2. Keine Aufhebung belastender Verwaltungsakte gegen die materielle Rechtslage – § 44 SGB X
Eine weitere Einschränkung von § 44 SGB X hat das BSG in seinem Urteil vom 24.4.2014 (B 13 R 3/13 R) vorgenommen. Darin hat das BSG einen Anspruch von Rentnerinnen und Rentnern aus § 44 SGB X abgelehnt, eine dem materiellen Rentenrecht entsprechende, aber einem früheren Vormerkungsbescheid widersprechende Rentenbewilligung aufzuheben. Im entschiedenen Fall hatte die Deutsche Rentenversicherung (DRV) beim Kläger 1989 Zeiten der Schulausbildung nach § 1325 Abs. 3 RVO verbindlich festgestellt, die über das heute in § 58 SGB VI vorgesehene Maß hinausgehen. Diesen Bescheid hob die DRV nie auf. Bei der bindenden Erstbewilligung der Rente im Jahre 2001 legte die DRV materiell rechtmäßig nur die in § 58 SGB VI vorgesehenen Ausbildungszeiten als Anrechnungszeiten zugrunde. 2005 beantragte der Kläger die Aufhebung der Rentenbewilligung gem. § 44 SGB X und Berücksichtigung der bindend anerkannten Anrechnungszeiten, was die DRV ablehnte – nach Auffassung des BSG zu Recht. Zwar habe die DRV das Recht unrichtig angewandt (Rn. 16), sie habe aber mangels Verstoßes gegen das materielle Recht keine Rentenleistungen zu Unrecht nicht erbracht (Rn. 25).
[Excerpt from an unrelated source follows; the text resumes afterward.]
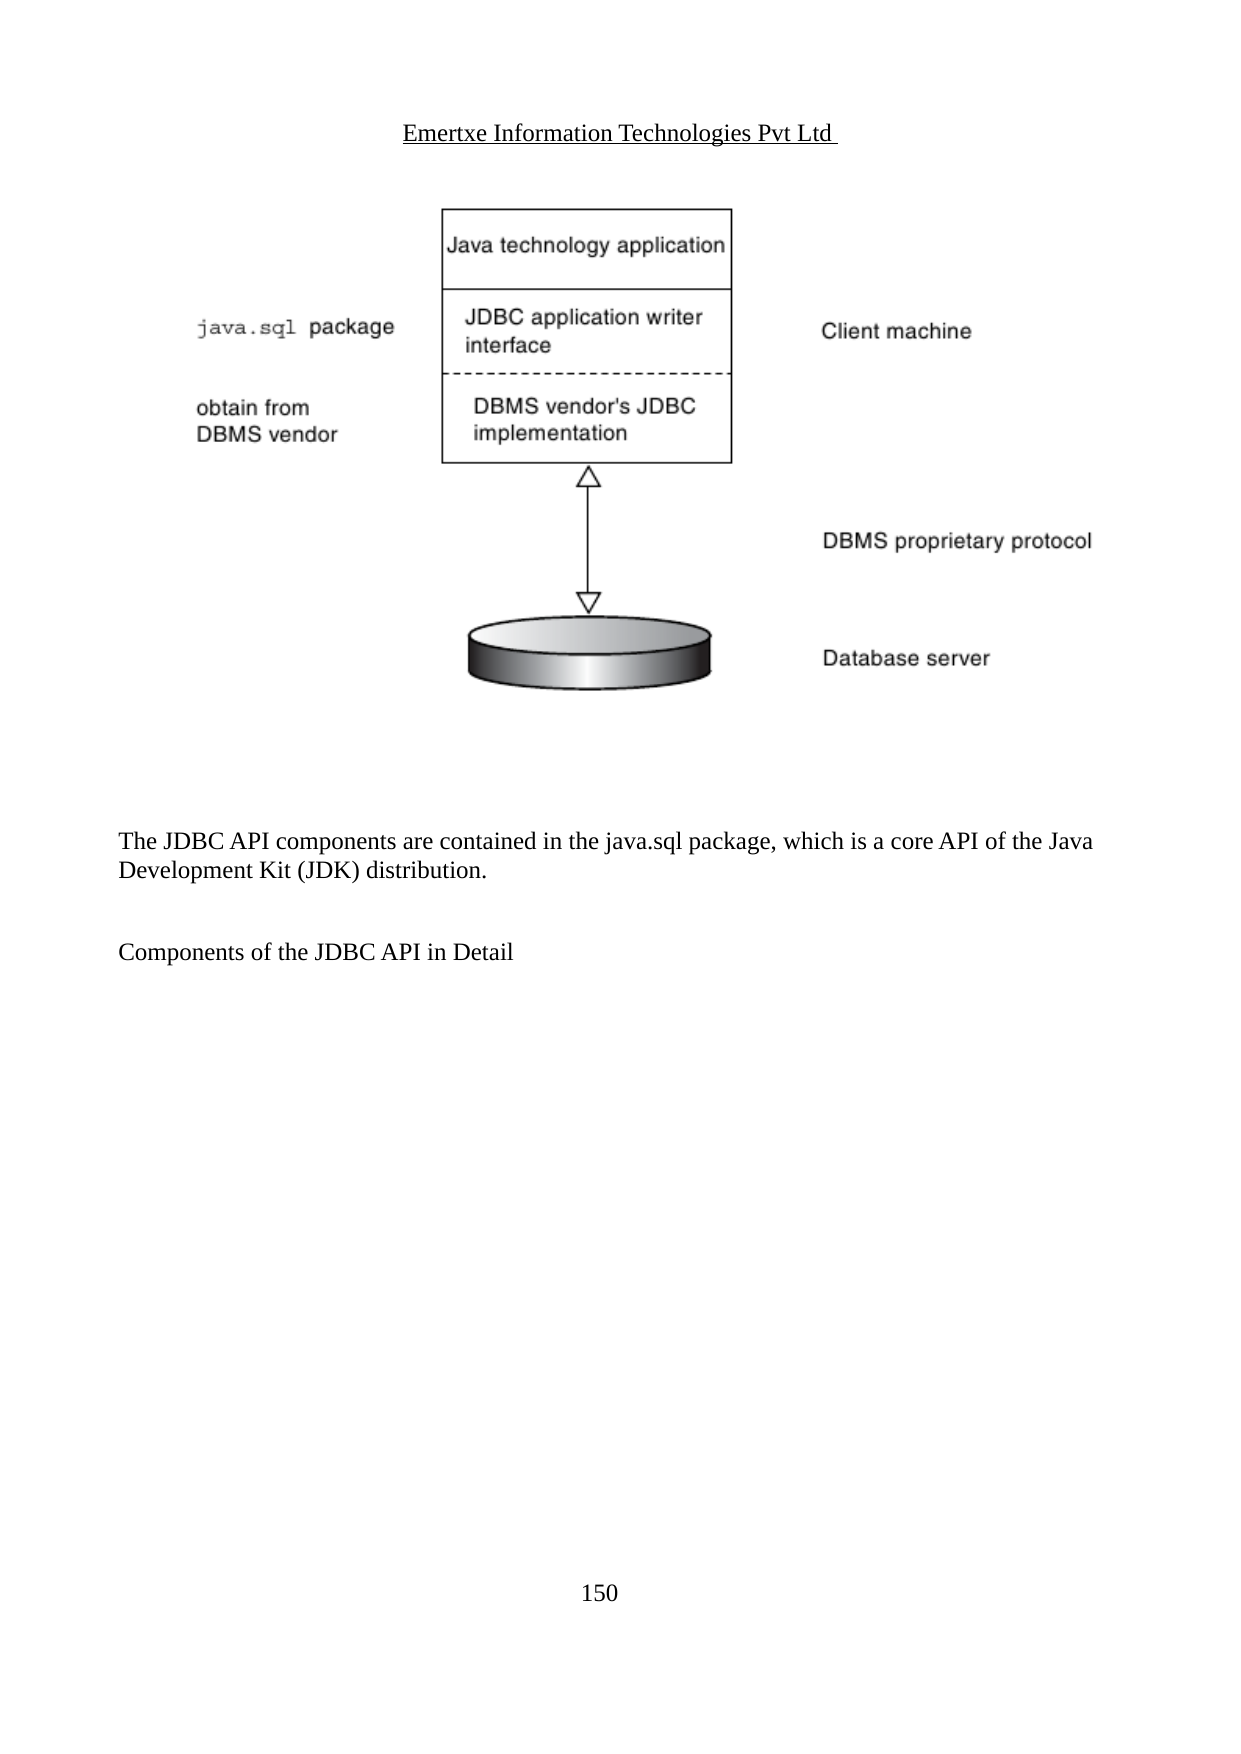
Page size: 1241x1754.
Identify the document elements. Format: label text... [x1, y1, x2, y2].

picture [126, 176, 1114, 744]
text Components of the JDBC API in Detail [118, 937, 1122, 966]
text The JDBC API components are contained in the java.sql package, which is a core API of the Java Development Kit (JDK) distribution. [118, 826, 1122, 883]

Sinn und Zweck des § 44 SGB X würden es nicht erlauben, nach § 44 SGB X mehr Leistungen zuzuerkennen als materiell-rechtlich geboten (Rn. 22). Auch schutzwürdiges Vertrauen des Klägers stehe dem – schon wegen der Sondervorschrift des § 149 Abs. 5 SGB VI – nicht entgegen (Rn. 27–29). Hiermit fällt der 13. Senat hinter die Rechtsprechung anderer Senate zurück, die als "zu Unrecht nicht gewährt" auch solche Sozialleistungen versteht, die unter Verstoß gegen die durch bindende rechtswidrige Verwaltungsakte gestaltete Rechtsordnung verweigert werden (BSG, Urt. v. 28.5.1997 – 14/10 RKg 25/95; BSG, Urt. v. 4.2.1998 – B 9 V 16/96 R; ebenso Schütze in von Wulffen/Schütze, SGB X, § 44 Rn. 7; Merten in Hauck/Noftz-SGB X, K § 44 Rn. 50; Rüfner in Wannagat, SGB X, § 44 Rn. 26 f. und Baumeister in jurisPK-SGB X, § 44 Rn. 73).
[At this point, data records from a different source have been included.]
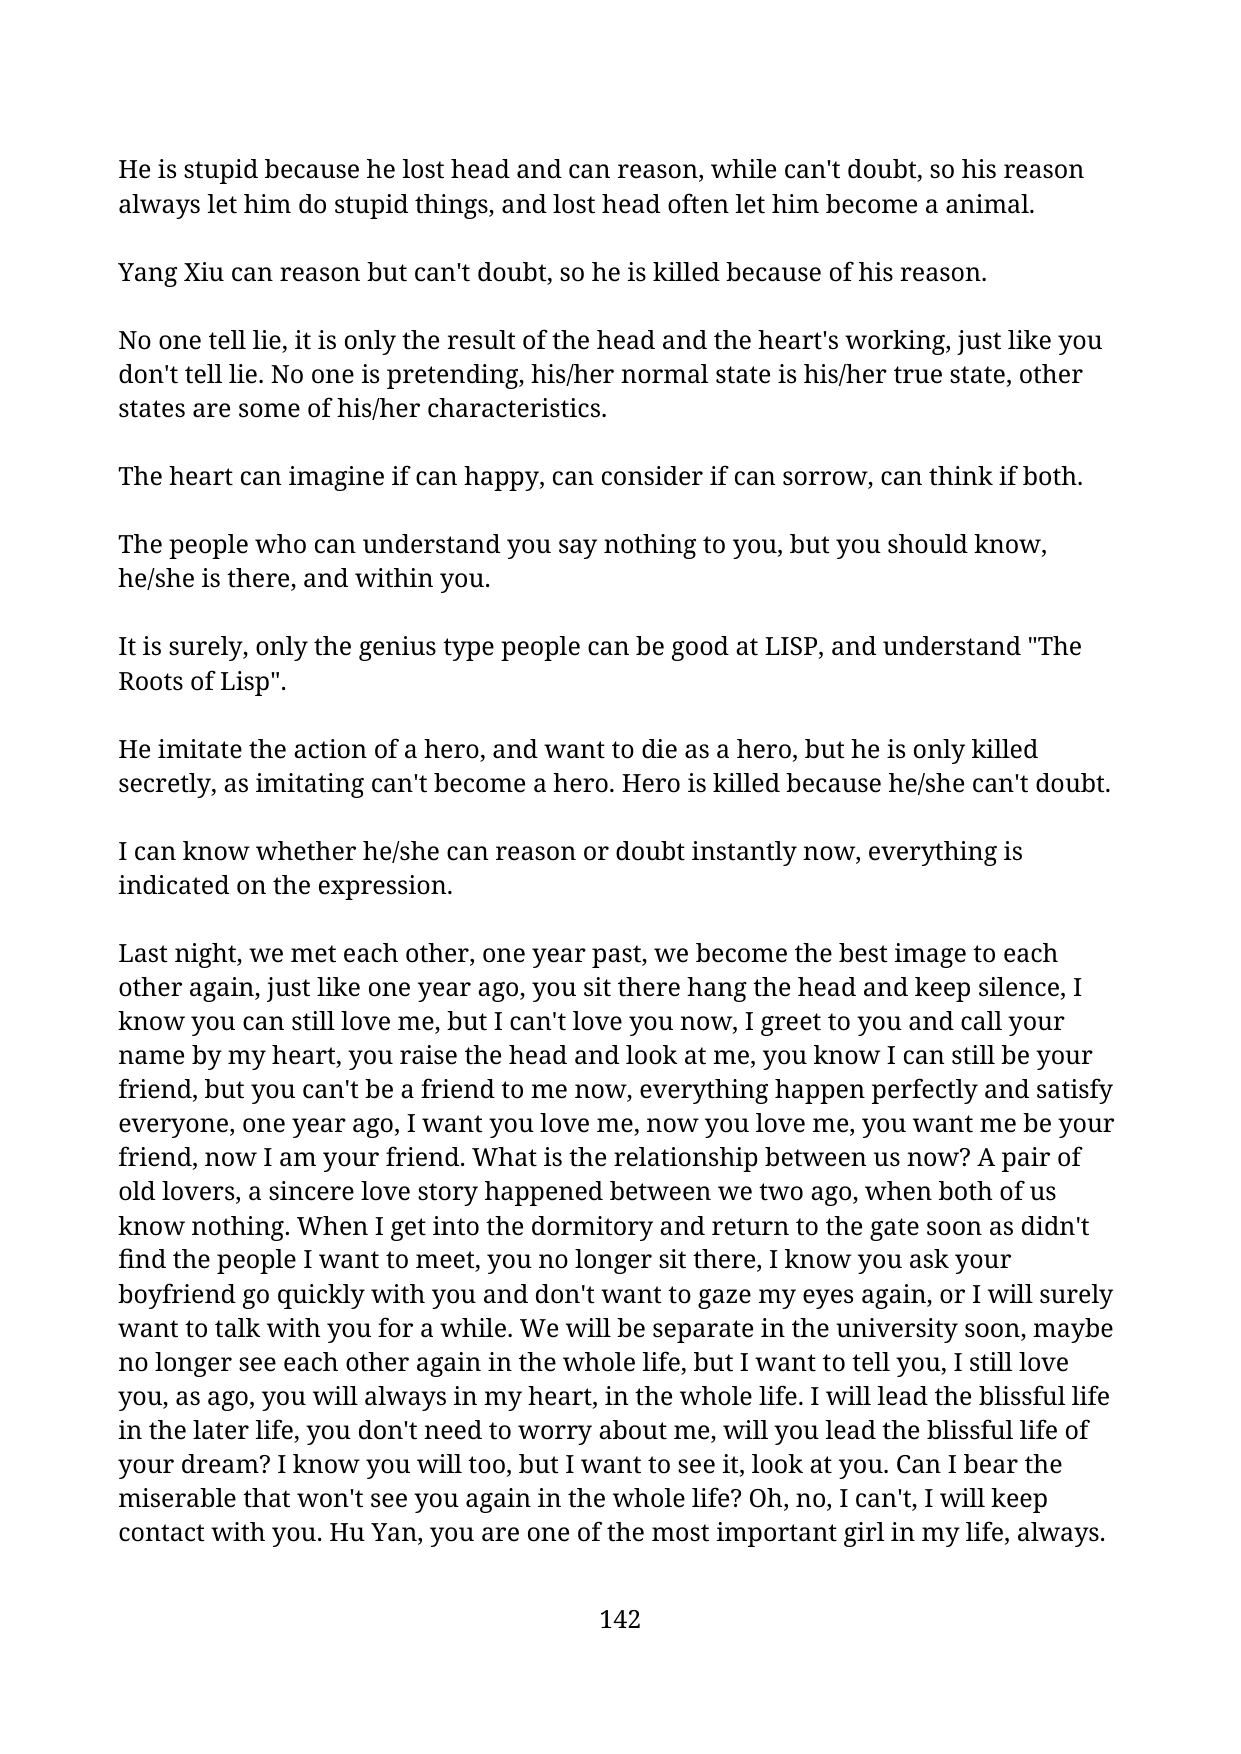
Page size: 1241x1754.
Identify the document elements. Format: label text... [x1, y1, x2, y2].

text He imitate the action of a hero, and want to die as a hero, but he is only killed secretly, as imitating can't become a hero. Hero is killed because he/she can't doubt. [118, 731, 1122, 799]
text Last night, we met each other, one year past, we become the best image to each other again, just like one year ago, you sit there hang the head and keep silence, I know you can still love me, but I can't love you now, I greet to you and call your name by my heart, you raise the head and look at me, you know I can still be your friend, but you can't be a friend to me now, everything happen perfectly and satisfy everyone, one year ago, I want you love me, now you love me, you want me be your friend, now I am your friend. What is the relationship between us now? A pair of old lovers, a sincere love story happened between we two ago, when both of us know nothing. When I get into the dormitory and return to the gate soon as didn't find the people I want to meet, you no longer sit there, I know you ask your boyfriend go quickly with you and don't want to gaze my eyes again, or I will surely want to talk with you for a while. We will be separate in the university soon, maybe no longer see each other again in the whole life, but I want to tell you, I still love you, as ago, you will always in my heart, in the whole life. I will lead the blissful life in the later life, you don't need to worry about me, will you lead the blissful life of your dream? I know you will too, but I want to see it, look at you. Can I bear the miserable that won't see you again in the whole life? Oh, no, I can't, I will keep contact with you. Hu Yan, you are one of the most important girl in my life, always. [118, 936, 1122, 1549]
text Yang Xiu can reason but can't doubt, so he is killed because of his reason. [118, 254, 1122, 288]
text No one tell lie, it is only the result of the head and the heart's working, just like you don't tell lie. No one is pretending, his/her normal state is his/her true state, other states are some of his/her characteristics. [118, 322, 1122, 425]
text I can know whether he/she can reason or doubt instantly now, everything is indicated on the expression. [118, 833, 1122, 902]
text The heart can imagine if can happy, can consider if can sorrow, can think if both. [118, 459, 1122, 493]
text He is stupid because he lost head and can reason, while can't doubt, so his reason always let him do stupid things, and lost head often let him become a animal. [118, 152, 1122, 220]
text The people who can understand you say nothing to you, but you should know, he/she is there, and within you. [118, 527, 1122, 595]
text It is surely, only the genius type people can be good at LISP, and understand "The Roots of Lisp". [118, 629, 1122, 697]

3. Keine Geltung von § 44 Abs. 4 SGB X für die Aufhebung einer Erstattung
In gewissem Gegensatz dazu steht die Entscheidung des 4. Senats vom 13.2.2014 (B 4 AS 19/13 R). Im entschiedenen Fall hatte der Sozialleistungsträger Leistungen zu Unrecht zurückgefordert; die Leistungsberechtigten hatten die Erstattungsforderung bereits beglichen. Im Zugunstenverfahren nach § 44 SGB X hob der Sozialleistungsträger die rechtswidrige Aufhebung der Bewilligung auf, traf aber keine Entscheidung über die Rückerstattung des rechtswidrig erstatteten Betrags. Auf die Leistungsklage hin berief er sich auf die (in concreto durch § 40 Abs. 1 SGB II modifizierte) Frist des § 44 Abs. 4 SGB X. Das BSG trat dem mit dem Argument entgegen, dass die Rückerstattung der Erstattung keine Sozialleistung (mehr) sei (so bereits BSG, Urt. v. 12.12.1996 – 11 RAr 31/96).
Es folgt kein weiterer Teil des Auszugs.